Data Catalog
The data catalog describes the kinds of public records the site is expected to support before those records exist at scale. It keeps the data section from becoming a dumping ground for CSV files and ad hoc metrics. Each data publication needs a schema, source boundary, update cadence, and correction process before it becomes citable.
The public data surface should favor small, well-described records over broad claims. Aggregate records can support transparency, but they can also be misread if the population, exclusions, and collection window are unclear.
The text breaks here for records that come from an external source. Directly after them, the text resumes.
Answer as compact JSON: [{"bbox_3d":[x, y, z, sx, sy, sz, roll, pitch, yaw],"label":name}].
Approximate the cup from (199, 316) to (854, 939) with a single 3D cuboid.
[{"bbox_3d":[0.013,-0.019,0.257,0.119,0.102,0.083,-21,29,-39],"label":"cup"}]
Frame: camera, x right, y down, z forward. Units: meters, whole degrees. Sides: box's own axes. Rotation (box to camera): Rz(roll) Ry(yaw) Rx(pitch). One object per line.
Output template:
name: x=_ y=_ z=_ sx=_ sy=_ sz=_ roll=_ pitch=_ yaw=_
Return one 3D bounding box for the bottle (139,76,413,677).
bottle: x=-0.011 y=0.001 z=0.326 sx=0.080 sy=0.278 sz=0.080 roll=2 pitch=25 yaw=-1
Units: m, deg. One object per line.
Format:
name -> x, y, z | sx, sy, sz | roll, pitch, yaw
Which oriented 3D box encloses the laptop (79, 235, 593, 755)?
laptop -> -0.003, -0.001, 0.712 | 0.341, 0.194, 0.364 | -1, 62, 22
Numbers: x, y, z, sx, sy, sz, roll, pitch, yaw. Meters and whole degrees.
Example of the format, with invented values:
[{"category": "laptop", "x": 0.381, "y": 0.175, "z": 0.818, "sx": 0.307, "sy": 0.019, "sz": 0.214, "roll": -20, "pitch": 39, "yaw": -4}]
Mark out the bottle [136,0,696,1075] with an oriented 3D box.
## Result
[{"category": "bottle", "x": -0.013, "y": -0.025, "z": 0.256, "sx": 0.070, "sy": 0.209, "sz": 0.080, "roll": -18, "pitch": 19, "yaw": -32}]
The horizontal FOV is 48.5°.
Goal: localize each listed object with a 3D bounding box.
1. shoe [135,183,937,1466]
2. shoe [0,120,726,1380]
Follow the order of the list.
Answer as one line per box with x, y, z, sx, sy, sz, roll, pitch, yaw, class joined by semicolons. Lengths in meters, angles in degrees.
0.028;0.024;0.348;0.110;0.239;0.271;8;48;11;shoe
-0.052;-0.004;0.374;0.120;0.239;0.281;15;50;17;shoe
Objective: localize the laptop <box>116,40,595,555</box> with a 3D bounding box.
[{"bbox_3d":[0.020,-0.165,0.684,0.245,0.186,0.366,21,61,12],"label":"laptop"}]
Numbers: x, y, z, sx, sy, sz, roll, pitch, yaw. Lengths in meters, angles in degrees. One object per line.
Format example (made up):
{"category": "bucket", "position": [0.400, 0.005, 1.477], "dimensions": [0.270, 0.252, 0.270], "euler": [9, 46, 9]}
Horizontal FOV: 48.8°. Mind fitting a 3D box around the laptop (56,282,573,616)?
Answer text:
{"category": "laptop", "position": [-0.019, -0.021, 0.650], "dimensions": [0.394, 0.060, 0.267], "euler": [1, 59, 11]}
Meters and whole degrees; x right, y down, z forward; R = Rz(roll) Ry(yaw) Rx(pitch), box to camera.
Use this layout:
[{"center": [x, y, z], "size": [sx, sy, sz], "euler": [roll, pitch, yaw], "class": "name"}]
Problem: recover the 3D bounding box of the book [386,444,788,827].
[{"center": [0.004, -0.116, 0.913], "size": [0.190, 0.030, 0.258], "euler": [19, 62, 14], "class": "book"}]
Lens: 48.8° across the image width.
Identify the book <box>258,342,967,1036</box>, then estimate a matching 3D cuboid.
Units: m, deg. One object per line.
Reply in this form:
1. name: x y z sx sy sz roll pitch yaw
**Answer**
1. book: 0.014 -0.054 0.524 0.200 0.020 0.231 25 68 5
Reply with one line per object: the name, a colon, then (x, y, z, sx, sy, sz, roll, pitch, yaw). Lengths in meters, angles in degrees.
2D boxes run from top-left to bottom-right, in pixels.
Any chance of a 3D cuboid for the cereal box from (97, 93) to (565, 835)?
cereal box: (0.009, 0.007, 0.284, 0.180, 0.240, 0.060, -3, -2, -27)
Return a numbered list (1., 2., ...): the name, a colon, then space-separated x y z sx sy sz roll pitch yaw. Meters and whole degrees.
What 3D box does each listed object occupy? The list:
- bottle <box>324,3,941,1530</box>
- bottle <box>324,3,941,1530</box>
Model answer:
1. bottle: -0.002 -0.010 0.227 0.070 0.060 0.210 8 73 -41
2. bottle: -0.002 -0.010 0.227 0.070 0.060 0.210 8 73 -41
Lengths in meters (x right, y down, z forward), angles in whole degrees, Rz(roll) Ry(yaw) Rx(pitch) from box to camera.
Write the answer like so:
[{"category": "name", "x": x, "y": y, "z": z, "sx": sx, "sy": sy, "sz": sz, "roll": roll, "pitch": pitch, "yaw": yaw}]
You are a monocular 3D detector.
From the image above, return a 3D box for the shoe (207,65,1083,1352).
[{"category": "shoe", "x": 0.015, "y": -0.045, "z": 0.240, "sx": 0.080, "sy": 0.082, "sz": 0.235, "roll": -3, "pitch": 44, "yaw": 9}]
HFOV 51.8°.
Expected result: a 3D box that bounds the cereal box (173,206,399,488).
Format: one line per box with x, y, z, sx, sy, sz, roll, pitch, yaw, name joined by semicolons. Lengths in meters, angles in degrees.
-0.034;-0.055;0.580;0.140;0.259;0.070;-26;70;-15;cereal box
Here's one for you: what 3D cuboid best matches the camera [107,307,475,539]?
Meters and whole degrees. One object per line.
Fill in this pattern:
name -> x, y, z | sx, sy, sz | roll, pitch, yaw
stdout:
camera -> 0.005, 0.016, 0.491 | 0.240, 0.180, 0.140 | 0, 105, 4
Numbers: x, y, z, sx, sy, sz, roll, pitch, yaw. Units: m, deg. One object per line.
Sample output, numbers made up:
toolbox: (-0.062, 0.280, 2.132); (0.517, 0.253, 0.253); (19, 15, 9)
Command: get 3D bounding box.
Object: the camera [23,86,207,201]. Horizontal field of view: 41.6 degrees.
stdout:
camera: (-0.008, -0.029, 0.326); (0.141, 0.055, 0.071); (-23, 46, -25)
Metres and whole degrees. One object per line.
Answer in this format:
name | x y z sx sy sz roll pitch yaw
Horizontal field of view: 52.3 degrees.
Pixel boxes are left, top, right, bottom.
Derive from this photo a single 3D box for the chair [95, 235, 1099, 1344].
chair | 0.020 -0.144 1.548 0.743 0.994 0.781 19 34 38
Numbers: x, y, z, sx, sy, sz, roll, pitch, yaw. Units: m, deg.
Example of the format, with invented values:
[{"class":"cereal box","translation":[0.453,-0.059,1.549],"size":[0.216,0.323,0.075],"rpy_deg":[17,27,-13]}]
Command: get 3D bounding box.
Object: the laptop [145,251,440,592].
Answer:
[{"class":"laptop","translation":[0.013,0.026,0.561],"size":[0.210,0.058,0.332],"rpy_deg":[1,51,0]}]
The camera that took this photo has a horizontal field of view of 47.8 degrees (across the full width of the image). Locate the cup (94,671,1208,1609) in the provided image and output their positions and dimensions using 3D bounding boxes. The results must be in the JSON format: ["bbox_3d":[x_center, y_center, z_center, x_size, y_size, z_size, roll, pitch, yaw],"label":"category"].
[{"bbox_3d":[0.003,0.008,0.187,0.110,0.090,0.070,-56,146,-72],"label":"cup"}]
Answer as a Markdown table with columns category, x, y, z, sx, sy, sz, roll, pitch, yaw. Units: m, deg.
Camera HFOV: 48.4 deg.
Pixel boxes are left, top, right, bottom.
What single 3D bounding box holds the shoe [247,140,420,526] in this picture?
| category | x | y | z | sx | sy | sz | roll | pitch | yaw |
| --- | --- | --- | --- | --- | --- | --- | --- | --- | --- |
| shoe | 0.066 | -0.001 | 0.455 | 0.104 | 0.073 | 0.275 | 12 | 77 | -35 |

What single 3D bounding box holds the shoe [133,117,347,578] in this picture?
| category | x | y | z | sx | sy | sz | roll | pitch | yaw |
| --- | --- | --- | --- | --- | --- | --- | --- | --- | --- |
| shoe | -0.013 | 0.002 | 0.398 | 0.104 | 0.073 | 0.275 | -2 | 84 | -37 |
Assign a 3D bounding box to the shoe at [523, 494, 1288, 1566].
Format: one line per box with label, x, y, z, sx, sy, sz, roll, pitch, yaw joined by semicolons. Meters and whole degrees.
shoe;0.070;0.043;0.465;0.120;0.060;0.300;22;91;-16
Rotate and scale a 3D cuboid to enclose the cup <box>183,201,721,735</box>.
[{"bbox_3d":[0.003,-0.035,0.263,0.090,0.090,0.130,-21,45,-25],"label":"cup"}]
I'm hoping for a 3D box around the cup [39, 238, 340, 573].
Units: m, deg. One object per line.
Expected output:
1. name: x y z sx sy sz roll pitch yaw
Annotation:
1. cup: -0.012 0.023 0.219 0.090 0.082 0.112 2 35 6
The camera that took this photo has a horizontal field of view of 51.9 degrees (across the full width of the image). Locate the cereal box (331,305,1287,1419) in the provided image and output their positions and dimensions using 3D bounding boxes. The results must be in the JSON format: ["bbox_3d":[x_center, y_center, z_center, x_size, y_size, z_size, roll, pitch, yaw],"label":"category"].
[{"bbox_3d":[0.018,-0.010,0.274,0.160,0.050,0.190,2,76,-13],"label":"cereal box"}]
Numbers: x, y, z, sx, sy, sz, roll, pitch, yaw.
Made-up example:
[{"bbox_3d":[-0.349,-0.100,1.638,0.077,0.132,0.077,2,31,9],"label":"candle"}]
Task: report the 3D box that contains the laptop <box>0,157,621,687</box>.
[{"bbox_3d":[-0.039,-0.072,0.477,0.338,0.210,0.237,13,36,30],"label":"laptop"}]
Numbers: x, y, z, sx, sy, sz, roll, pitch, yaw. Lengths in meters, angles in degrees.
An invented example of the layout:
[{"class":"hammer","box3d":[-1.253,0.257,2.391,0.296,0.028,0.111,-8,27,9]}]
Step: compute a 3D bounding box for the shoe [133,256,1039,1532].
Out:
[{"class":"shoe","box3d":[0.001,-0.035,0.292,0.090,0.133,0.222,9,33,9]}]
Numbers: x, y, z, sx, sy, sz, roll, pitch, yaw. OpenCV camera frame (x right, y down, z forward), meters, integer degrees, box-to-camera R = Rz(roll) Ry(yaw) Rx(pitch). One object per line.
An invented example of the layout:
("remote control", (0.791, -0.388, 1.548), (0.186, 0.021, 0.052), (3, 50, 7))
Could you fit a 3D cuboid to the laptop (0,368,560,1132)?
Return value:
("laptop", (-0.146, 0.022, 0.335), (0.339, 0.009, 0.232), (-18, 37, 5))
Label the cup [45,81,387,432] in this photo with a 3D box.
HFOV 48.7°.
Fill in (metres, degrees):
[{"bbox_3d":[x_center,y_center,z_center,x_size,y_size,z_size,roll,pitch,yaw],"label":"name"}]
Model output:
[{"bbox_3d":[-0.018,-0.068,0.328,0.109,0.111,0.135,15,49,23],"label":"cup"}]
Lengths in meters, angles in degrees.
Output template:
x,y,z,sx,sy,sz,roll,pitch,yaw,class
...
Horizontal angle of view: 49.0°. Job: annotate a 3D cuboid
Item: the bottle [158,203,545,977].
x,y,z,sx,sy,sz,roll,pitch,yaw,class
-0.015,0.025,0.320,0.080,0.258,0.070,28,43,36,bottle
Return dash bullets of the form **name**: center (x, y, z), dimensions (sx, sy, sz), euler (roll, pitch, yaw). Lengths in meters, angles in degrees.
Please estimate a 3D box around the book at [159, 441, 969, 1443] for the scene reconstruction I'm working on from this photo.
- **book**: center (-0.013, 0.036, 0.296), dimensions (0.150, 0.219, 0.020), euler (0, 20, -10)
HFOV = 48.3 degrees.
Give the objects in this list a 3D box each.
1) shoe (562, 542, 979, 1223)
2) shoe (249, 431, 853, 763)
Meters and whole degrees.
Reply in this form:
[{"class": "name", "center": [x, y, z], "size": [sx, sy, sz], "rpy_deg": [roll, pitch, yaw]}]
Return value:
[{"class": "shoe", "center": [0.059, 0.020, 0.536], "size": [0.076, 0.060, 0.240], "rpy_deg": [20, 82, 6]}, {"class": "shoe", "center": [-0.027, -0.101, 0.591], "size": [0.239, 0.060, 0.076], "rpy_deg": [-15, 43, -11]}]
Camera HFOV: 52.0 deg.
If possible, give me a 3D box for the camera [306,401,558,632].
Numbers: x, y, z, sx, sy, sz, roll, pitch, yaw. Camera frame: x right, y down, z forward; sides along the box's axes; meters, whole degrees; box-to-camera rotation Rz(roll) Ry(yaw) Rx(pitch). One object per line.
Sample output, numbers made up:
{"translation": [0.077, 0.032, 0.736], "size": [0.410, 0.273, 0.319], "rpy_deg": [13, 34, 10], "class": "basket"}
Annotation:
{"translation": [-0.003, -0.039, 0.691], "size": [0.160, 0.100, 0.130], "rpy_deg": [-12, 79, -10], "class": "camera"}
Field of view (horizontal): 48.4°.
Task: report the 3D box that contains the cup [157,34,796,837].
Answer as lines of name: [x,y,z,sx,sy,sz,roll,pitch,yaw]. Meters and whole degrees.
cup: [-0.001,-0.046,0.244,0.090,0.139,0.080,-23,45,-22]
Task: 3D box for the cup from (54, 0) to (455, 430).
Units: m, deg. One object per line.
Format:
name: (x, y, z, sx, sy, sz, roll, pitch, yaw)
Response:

Every dataset should state what it measures and what it does not measure.
Planned Data Surfaces
| Surface | Record Type | Required Context |
|---|---|---|
| Advisory Index | Advisory summaries and canonical URLs | Status, affected product, publication date, remediation state |
| Report Index | Public report summaries | Methodology, publication state, revision history |
| Tool Registry | Browser and downloadable tool metadata | Local-only flag, version, input boundary, support status |
| Schema Registry | JSON schemas and schema versions | Version, compatibility notes, validation command |
| Aggregate Metrics | Counts and timelines derived from public records | Population, time window, exclusions, bias notes |
Citation Rule
A data page should be citable without private context. The reader should be able to identify the schema, the source boundary, the record date, the update cadence, and the correction path from the public page. If a record cannot supply those fields, it should remain internal or be published as narrative context instead of structured data.
Correction Path
Data corrections should preserve trust by being explicit. A corrected record should identify the field changed, the reason for the change, the review date, and whether derived metrics were affected. Silent changes to public data are reserved for non-semantic formatting errors.